Wall Street sets Nvidia stock price for the next 12 months

Nvidia (NASDAQ: NVDA) set a record on January 27 — by losing roughly $600 billion in market capitalization. Nvidia stock dropped from $142.02 on Friday, January 24, to $117.21 by press time on January 28.

NVDA stock price 1-week chart. Source: Finbold
NVDA stock price 1-week chart. Source: Finbold

This steep decline was caused by the overnight success of DeepSeek — an open-source Chinese artificial intelligence (AI) model. Reportedly, DeepSeek utilized just $5.6 million to construct and train its newest line of models — and the comparatively ‘shoestring’ budget seems to have produced results on par with OpenAI’s flagship ChatGPT models, at least per early benchmarks.

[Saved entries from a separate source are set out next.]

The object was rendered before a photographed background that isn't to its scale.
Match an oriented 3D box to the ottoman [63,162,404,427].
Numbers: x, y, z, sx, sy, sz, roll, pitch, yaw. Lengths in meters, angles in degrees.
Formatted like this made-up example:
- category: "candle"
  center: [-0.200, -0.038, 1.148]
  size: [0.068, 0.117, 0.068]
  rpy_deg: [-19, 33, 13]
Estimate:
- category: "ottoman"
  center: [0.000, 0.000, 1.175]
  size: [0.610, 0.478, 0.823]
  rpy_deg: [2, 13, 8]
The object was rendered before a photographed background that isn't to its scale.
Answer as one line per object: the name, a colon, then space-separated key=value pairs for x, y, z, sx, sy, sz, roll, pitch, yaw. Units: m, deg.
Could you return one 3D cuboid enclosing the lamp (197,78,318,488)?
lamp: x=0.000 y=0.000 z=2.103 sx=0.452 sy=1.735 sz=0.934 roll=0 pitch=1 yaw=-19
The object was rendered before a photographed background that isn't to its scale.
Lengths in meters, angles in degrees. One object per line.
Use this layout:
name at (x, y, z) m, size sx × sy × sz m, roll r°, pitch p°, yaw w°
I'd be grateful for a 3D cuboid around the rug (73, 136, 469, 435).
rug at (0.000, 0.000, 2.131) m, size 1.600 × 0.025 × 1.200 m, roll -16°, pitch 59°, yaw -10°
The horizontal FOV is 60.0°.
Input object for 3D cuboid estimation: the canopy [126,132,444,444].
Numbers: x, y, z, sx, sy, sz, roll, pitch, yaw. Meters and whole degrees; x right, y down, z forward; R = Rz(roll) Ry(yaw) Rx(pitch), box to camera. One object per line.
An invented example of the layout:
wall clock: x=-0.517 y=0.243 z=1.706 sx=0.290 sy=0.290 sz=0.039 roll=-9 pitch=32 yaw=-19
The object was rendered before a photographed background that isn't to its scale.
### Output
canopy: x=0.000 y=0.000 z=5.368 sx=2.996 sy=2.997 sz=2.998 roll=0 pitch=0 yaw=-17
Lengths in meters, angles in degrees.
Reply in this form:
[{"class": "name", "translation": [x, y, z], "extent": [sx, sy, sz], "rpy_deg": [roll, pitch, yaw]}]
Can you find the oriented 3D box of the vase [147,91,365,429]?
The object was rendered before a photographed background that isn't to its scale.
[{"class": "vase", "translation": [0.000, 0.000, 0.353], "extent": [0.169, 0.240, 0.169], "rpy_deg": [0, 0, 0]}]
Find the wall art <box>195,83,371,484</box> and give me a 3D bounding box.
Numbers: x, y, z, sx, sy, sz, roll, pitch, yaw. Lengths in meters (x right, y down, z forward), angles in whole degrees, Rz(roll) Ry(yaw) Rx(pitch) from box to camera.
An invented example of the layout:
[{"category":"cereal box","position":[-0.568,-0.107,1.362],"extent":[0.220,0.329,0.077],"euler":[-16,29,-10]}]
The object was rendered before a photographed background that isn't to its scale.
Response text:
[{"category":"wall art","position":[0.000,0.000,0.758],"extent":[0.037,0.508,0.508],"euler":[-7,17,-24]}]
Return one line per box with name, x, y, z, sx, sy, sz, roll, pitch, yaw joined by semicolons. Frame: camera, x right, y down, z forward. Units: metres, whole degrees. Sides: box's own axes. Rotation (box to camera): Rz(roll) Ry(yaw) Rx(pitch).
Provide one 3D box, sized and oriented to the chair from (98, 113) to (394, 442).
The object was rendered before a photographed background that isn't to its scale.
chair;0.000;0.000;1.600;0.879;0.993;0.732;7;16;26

So, why did Nvidia experience such a pullback? The situation has brought the high level of capital expenditures earmarked for AI into question — and worse still, the DeepSeek models didn’t even need to utilize the chipmaker’s latest line of products — as they fall under export restrictions.

In the midst of a wider tech selloff that has hit semiconductor companies particularly hard, Wall Street seems unperturbed — at least for now. While investors are scrambling, mobilized by worries that Nvidia stock could crash below $100, equity researchers haven’t budged an inch by comparison — and have largely maintained the same outlook they had in late December of 2024.

Wall Street remains bullish on Nvidia stock — but that could change

At present, 39 analysts track Nvidia stock. A vast majority — 36, to be exact, deem it a ‘Buy’. Only 3 analysts have issued ‘Hold’ ratings — none have issued ‘Sell” ratings. The average price target set by these analysts evens out to $177.56 — a figure that represents a robust 46.98% upside. 

NVDA stock price targets and analyst ratings. Source: TipRanks
NVDA stock price targets and analyst ratings. Source: TipRanks

However, that figure is subject to change — as more and more Wall Street firms get their bearings and begin to provide forecasts that reflect the effects of DeepSeek. 

For instance, Morgan Stanley (NYSE: MS) analyst Joseph Moore recently cut his price target for Nvidia stock from $166 to $152 on January 28, citing investor concerns sparked by the release of DeepSeek’s AI model. Along with this, the analyst added that Morgan Stanley expects a meaningful upside in the second half of the year, as production and adoption of Nvidia’s new line of products ramp up.

In contrast, Citigroup (NYSE: C) researcher Atif Malik stood by a previously-set $175 price target — as did Cantor Fitzgerald’s C.J. Muse, who maintained an ‘Overweight’ rating with a $200 price forecast.

Readers should note that Wall Street’s general bullishness likely won’t change — the Jensen Huang-led venture is the clear leader in a competitive industry, has a robust backlog, and plenty of organic, healthy demand from a set of industries that are themselves vibrant and growing. 

With that being said, equity analysts could very well moderate their expectations in the coming days and weeks, at least when it comes to the price targets they set. In addition, this is the first time that the U.S.-dominated AI industry has gotten a seemingly legitimate rival — and it is entirely possible that, if DeepSeek sees continued improvements, the outlook for Nvidia stock could slide even further.